So Emily Matchar’s article in the New York Times, Sorry, Etsy. That Handmade Scarf Won’t Save the World., last week was, in a word, flawed. It came up on my radar 3x in 1 week, actually, from radically different individuals.
Here’s the thing, though, she has valid points. Here’s the other thing, I think they’re the wrong points.
1. “Once a mark of poverty, handmade is hot these days.”
Um, really? For everyone? First of all, when making things by hand started, it was necessity, not poverty, that made it a reality. Secondly, this is not an objective truth.

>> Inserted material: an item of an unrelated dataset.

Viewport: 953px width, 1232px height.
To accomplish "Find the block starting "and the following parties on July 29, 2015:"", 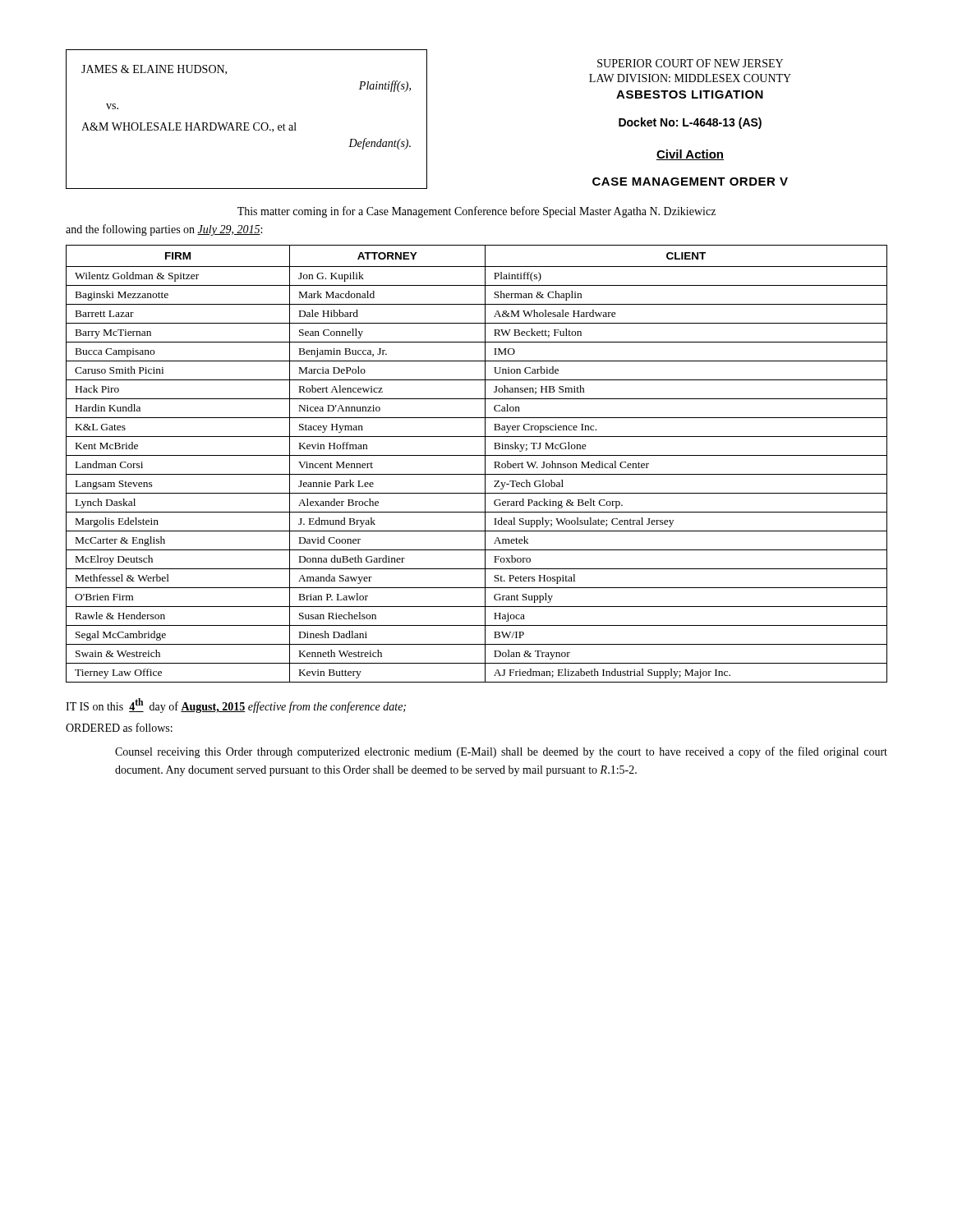I will click(164, 230).

It’s a subjective statement, meaning, “in my world, [handmade was] once a mark of poverty.” Thirdly, this statement sucks all the joy out of making, suggesting that craft is solely about making ends meet post-Industrial Revolution, not about actually enjoying said act of craft. This is not a hot note to start on, but I digress.
2. “Our hunger for handmade has gone beyond aesthetics, uniqueness and quality. In progressive circles, buying handmade has come to connote moral virtue, signifying an interest in sustainability and a commitment to social justice.”

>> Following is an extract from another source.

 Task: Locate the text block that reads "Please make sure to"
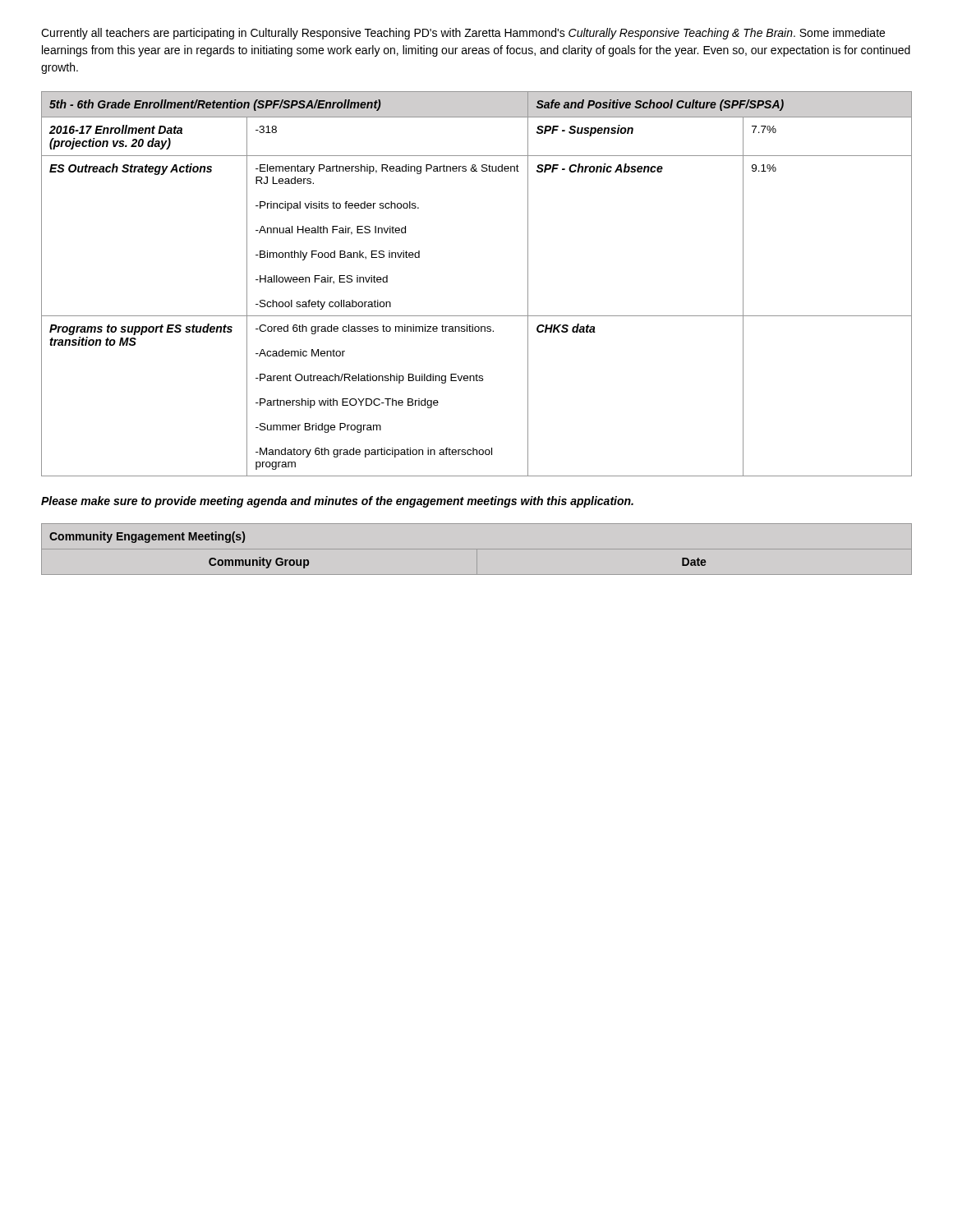(x=338, y=501)

Nope nopity nope nope. Just because I care about sustainability and social justice doesn’t mean I get high on “moral virtue.” It means that I give a crap about how things are made and how the people that make them are treated. I make and buy handmade solely because of “aesthetics, uniqueness and quality.” And know scores of people who do, too. The fact that the Times has printed this as from a person who speaks for crafters is two things: a) sad and b) possibly delusional. I’ve read her writing and agree she has her points. However, her points are not the points of many of us.
3. “While buying homemade gifts is a lovely thing to do, thinking of it as a social good is problematic.”

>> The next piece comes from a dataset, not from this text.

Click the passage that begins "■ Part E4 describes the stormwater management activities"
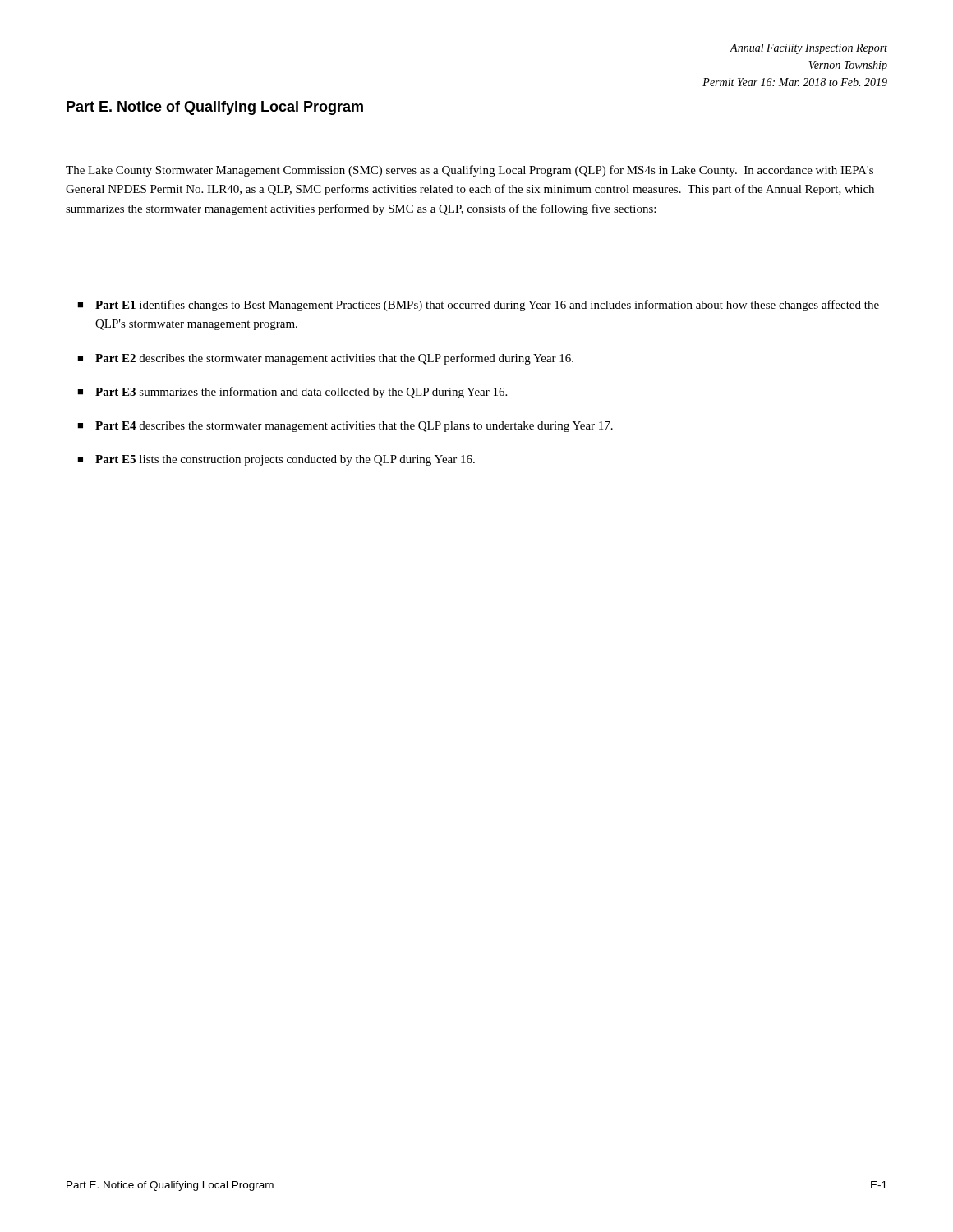 tap(476, 426)

According to Emily it is problematic. Because actually, here’s how and why craft can save the world. Learning to sew and knit and make garments teaches us how they are constructed. Those hours that we spend making garments are not to make ourselves socially superior. We make things because we like to make things. (Or maybe Matchar just hates making things and wants to prove a point?) And in learning how to make things, we begin to understand that the $10 shirt we buy at the store with the handbeading takes 10 hours (or more!) to make. Making things allows us to put this together, which then changes our buying practices. Since we’re a friendly bunch, our friends sometimes want to learn how to make things too, thus, they end up changing their own buying practices. We’re like a cult of slow-moving awesome.
4. “Very few of us will order a $50 handmade scarf on Etsy when one is available for $5 at Target.”
What if the $5 one is horrible and the $50 is just what we want? Once we learn how to construct garments, the game changes. Plus, nylon won’t do wool’s job, amiright? Once we start to make things, we see that if we make (or buy) something that we truly want, we will want to keep it for 10 years (and if we’re choosy about materials, it can even last that long!), not 10 weeks. Making things wisens us up to the fast-fashion problem. And once we begin to put things in our wardrobes that we actually want, they stay. Items that we kind of-sort of like end up being discarded soon.
5. “Is it better for my dollar to go to the likable, just-like-me Brooklyn mom selling handmade headbands on Etsy or to a company that uses garment factories like Alta Gracia?”
Ah, Alta Gracia. This one sounds pretty good, right? Well, not until you realize that there is only ONE Alta Gracia. In fact, it is such a special unicorn there was that whole book written about it. Yes, it is better to put your money towards factories like Alta Gracia. But, in the fast fashion world, Alta Gracia’s are not the norm. Your average factory is doing things like locking doors on workers and not providing toilet paper and not conducting safety checks on fire escapes. Additionally, according to their website, Alta Gracia “sells “collegiate branded products†to the bookstore retail channel.” Now I sure as heck love my hoodies, but wearing sweatpants 24/7 is not my jam. If it is your jam, I apologize, as you were, you elastic-loving shapeless charmer! You are safe in the knowledge that your money is well spent! Yeah!
6. “These same economies of scale most likely make a toothbrush factory less wasteful, in terms of materials, than 100 individual toothbrush makers each handcrafting 10 toothbrushes a day.”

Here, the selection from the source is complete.